When you reach the line in the data below that contains "Answer: Young Adults", please start repeating lines exactly, and stop after the line that contains "Answer: Male Premium", repeating nothing else.

*Records from a collection*.

---

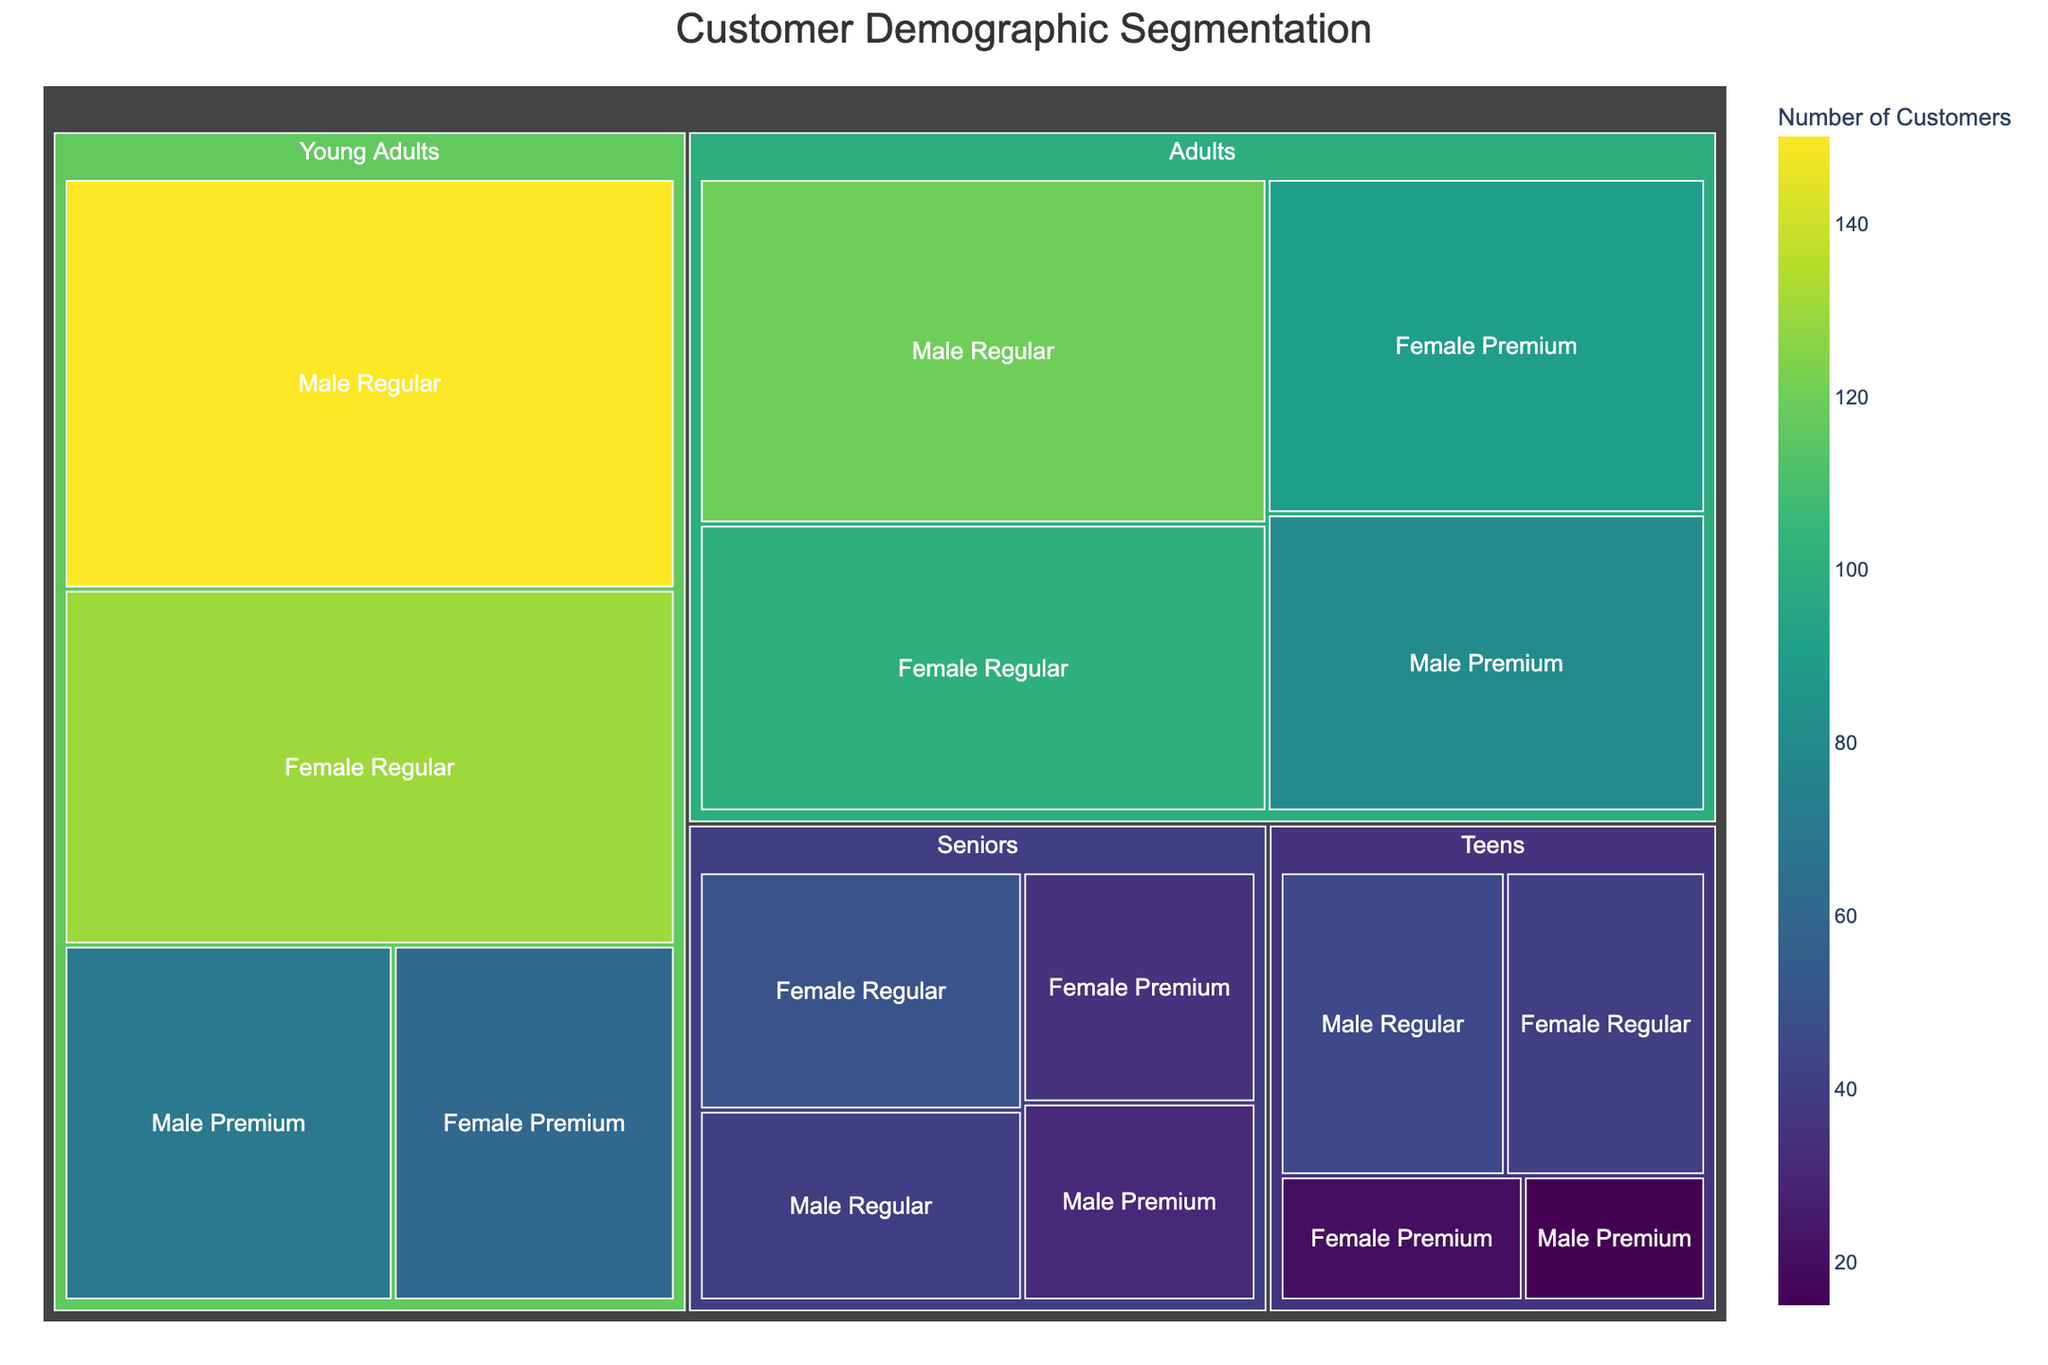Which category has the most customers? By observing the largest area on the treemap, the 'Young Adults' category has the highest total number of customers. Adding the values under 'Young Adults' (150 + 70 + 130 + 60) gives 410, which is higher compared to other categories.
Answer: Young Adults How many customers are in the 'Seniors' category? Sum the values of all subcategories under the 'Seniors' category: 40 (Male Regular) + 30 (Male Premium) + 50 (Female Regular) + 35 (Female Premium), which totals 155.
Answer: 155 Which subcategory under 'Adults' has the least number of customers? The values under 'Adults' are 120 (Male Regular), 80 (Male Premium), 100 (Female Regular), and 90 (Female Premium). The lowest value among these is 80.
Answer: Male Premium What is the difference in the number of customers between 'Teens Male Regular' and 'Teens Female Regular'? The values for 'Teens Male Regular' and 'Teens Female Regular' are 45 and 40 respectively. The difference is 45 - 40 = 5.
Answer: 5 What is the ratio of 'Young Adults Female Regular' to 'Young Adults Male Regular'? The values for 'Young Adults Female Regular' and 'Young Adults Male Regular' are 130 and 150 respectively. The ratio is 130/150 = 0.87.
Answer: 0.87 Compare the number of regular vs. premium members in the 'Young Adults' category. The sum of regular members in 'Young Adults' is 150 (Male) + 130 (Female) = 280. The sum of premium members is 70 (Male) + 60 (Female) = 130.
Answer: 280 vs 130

---

*Solution below*.
Answer: Young Adults How many customers are in the 'Seniors' category? Sum the values of all subcategories under the 'Seniors' category: 40 (Male Regular) + 30 (Male Premium) + 50 (Female Regular) + 35 (Female Premium), which totals 155.
Answer: 155 Which subcategory under 'Adults' has the least number of customers? The values under 'Adults' are 120 (Male Regular), 80 (Male Premium), 100 (Female Regular), and 90 (Female Premium). The lowest value among these is 80.
Answer: Male Premium What is the difference in the number of customers between 'Teens Male Regular' and 'Teens Female Regular'? The values for 'Teens Male Regular' and 'Teens Female Regular' are 45 and 40 respectively. The difference is 45 - 40 = 5.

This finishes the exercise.